**PROBLEM REQUIREMENTS**
Your task is to repeat the entries exactly. Leave the pictures out.

(Data extracted from a collection)
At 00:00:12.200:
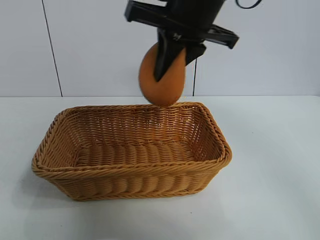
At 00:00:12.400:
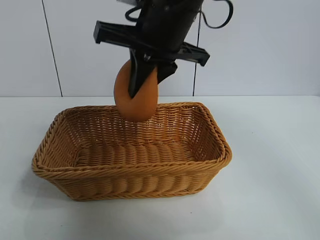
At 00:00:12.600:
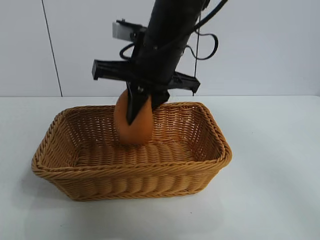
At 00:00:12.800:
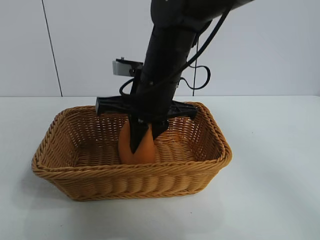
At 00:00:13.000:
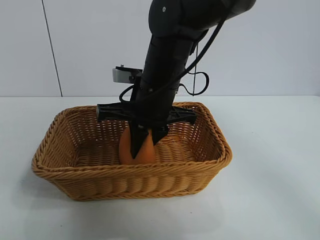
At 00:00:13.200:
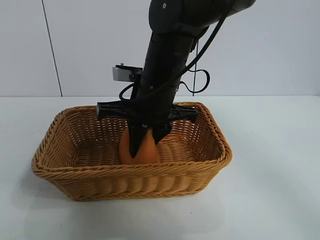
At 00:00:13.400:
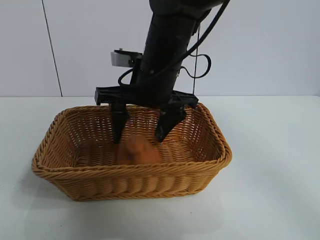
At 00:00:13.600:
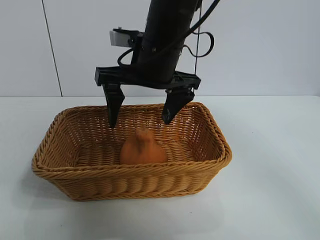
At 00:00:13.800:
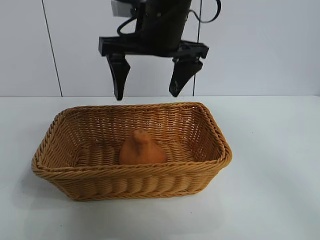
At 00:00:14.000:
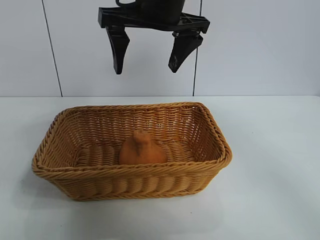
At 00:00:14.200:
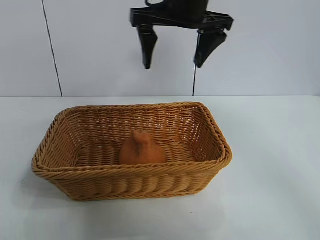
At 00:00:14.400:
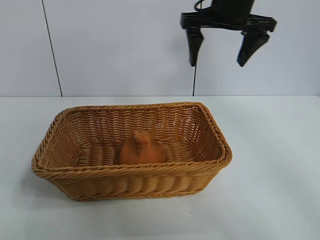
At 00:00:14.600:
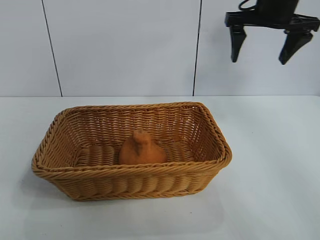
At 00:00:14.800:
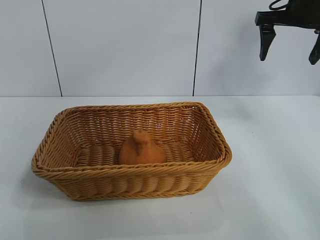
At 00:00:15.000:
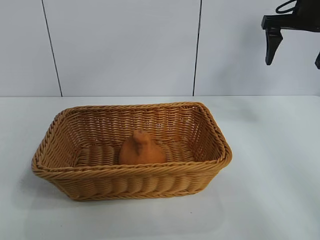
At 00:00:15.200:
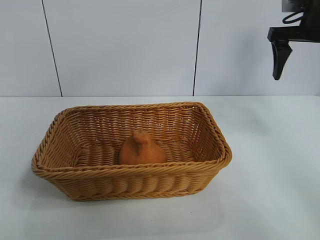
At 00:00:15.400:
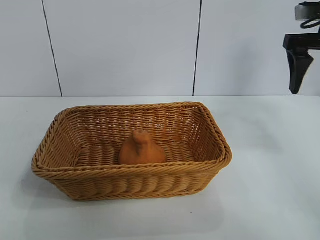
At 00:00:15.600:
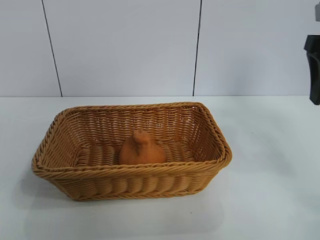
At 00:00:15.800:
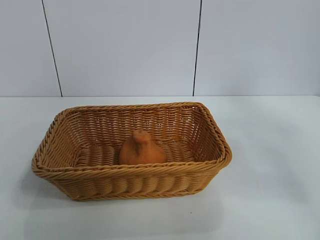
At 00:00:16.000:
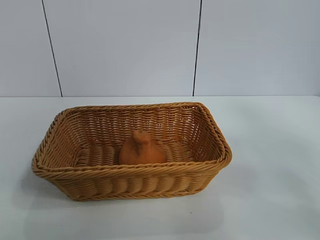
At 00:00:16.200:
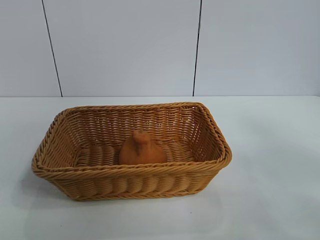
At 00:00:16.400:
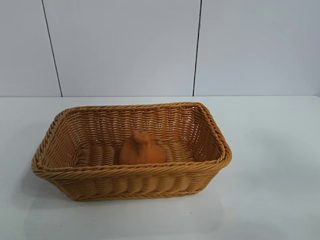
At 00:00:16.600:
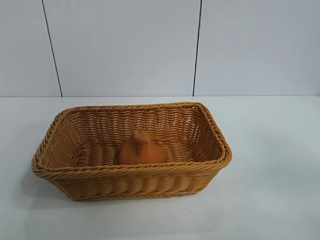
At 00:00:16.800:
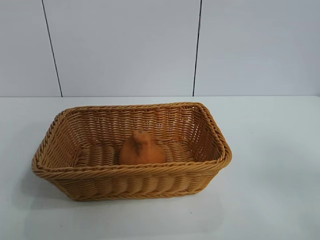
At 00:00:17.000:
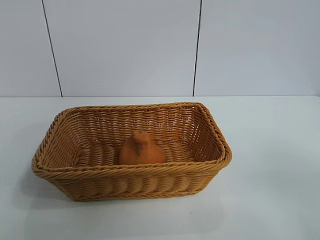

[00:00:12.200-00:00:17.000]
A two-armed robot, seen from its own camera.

**ANSWER FOR THIS EXERCISE**
At 00:00:12.200:
At 00:00:12.400:
At 00:00:12.600:
At 00:00:12.800:
At 00:00:13.000:
At 00:00:13.200:
At 00:00:13.400:
At 00:00:13.600:
At 00:00:13.800:
At 00:00:14.000:
At 00:00:14.200:
At 00:00:14.400:
At 00:00:14.600:
At 00:00:14.800:
At 00:00:15.000:
At 00:00:15.200:
At 00:00:15.400:
At 00:00:15.600:
At 00:00:15.800:
At 00:00:16.000:
At 00:00:16.200:
At 00:00:16.400:
At 00:00:16.600:
At 00:00:16.800:
At 00:00:17.000:

[00:00:12.200-00:00:17.000]
A two-armed robot, seen from its own camera.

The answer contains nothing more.